I'm assuming that b is given, and also r_0, the radius of the sphere
with center 0, is given, and a positive integer n is given.

I'll label the centers c_0=0, c_1, c_2, c_3, ..., c_i, ..., c_n=b, so
there will actually be n+1 spheres centered on the segment.  I'm also
assuming that the spheres are tangent to each other, and the radius
numbers are labeled r_0, r_1, ..., r_n.  (r_0 is the given initial
radius.)

Here's the "linear dependence" of the radius on the center's position:

r_i = m * c_i + r_0.  (note that at i=0, c_i=c_0=0, so r_0=r_0.)

The center of the "i" sphere is to the right of the "i-1" sphere by
distance r_{i-1}+r_i, so:

c_i = c_{i-1} + r_{i-1} + r_i.

From these two equations, we're trying to find the "unknown" center
points c_i.  The only other unknown variable that showed up was the
slope "m" from the first equation.

Here's the solution I got:

c_i = ( ( (1+m)/(1-m) )^i - 1) * r_0 / m.

This isn't so bad, but there's still the problem of finding m.

At i=0, the solution is c_0= 0 * r_0 / m = 0, which we already knew.

At i=n, the solution is c_n = ( ( (1+m)/(1-m) )^n - 1) * r_0 / m, and
also we want to have c_n = b, so we can use this to find m:

b = ( ( (1+m)/(1-m) )^n - 1) * r_0 / m

simplifies into a polynomial equation:

m * b * (1-m)^n = ( (1+m)^n - (1-m)^n ) * r_0.  (*)

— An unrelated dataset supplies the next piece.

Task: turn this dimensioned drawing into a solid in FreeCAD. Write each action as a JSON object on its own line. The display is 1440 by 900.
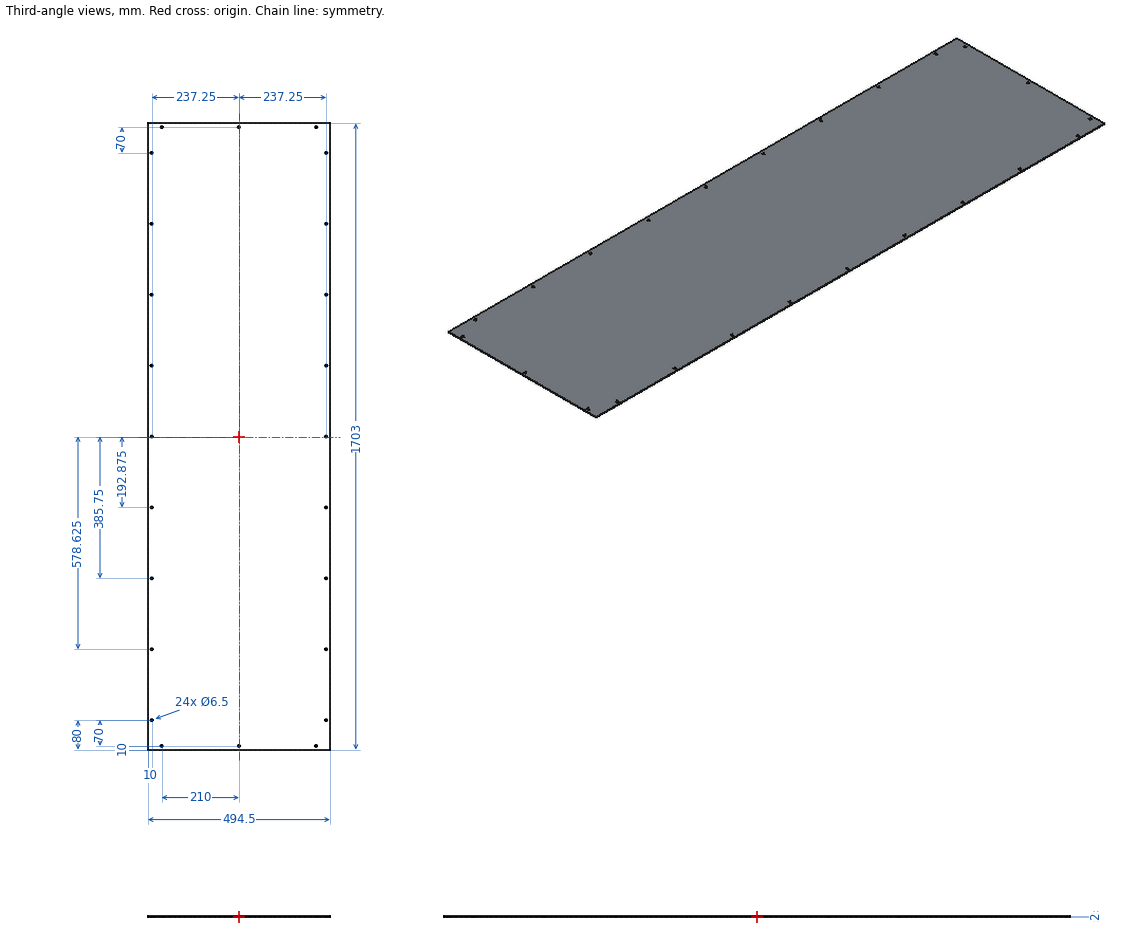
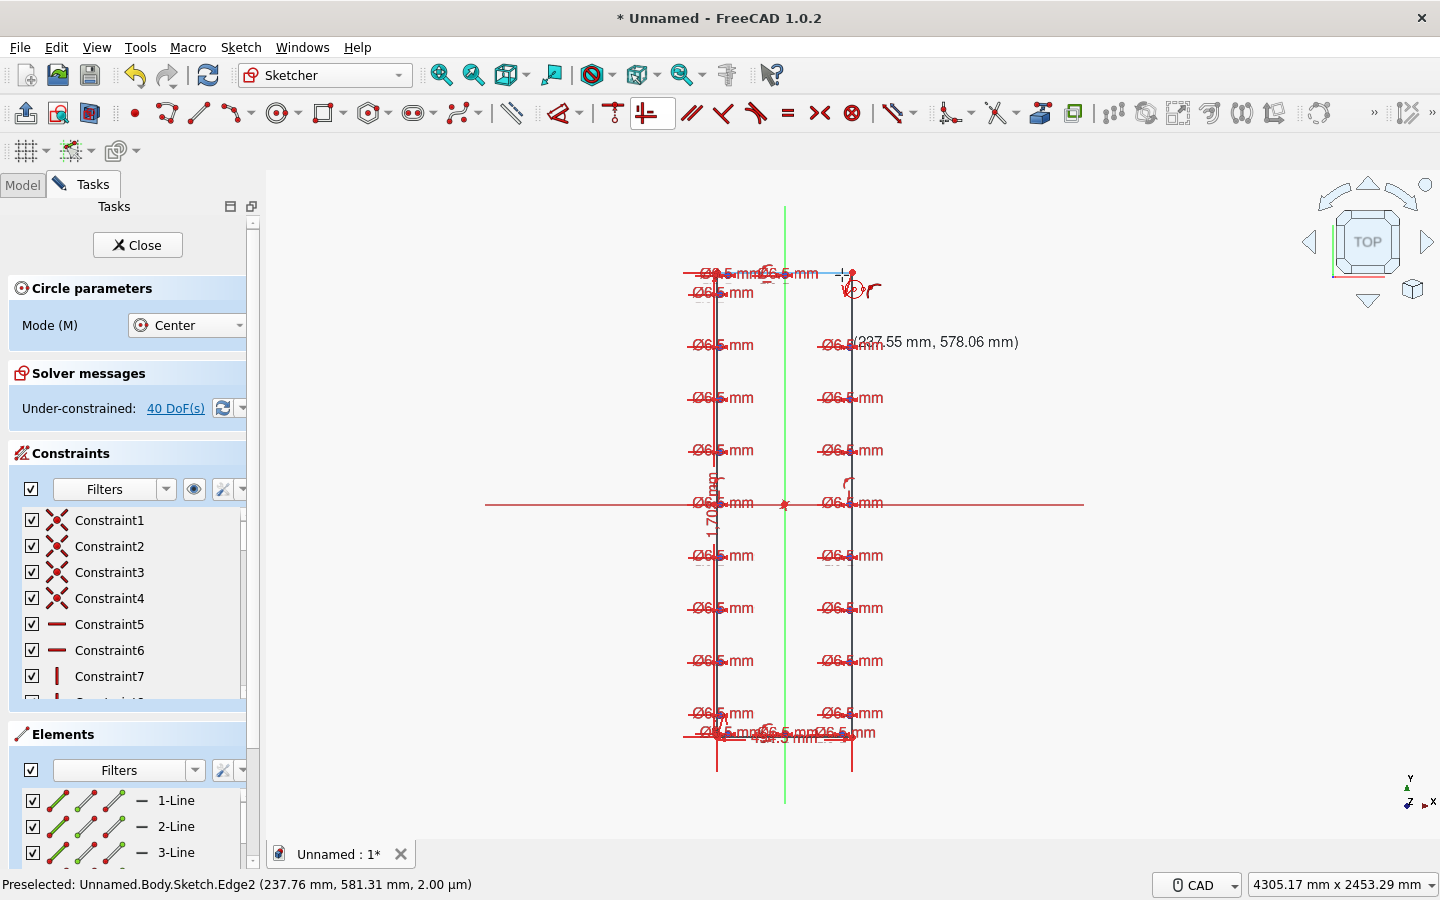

Now, since b, r_0, and n were given, you can find m.  Of course, this
isn't going to be pleasant for large n ("large" meaning more than 2)
and there are also going to be as many as n+1 solutions of (*), only
one of which is the m that will work.

Once you get the formula for c_i, you can plug it into the first
equation to get the radius r_i.

I tried this with r_0=4, b=10, and n=4, and got an approximate
solution m=-.3843543262.  There should be 5 spheres, the first with
radius 4, and decreasing in radius (because m is negative), but all
tangent to each other until c_4=10.

In this set-up, the size r_n of the last sphere isn't an input, it's
an output determined entirely by r_0, n, and b.  Another
interpretation of the calculation, which might be closer to your
intent, is that you could pick the slope m in advance, and use m, b,
and n to solve the polynomial solution (*) for r_0.  (at m=0, the
spheres will be the same size, and (*) won't help, but there are
easier ways to solve that problem.)

Adam C.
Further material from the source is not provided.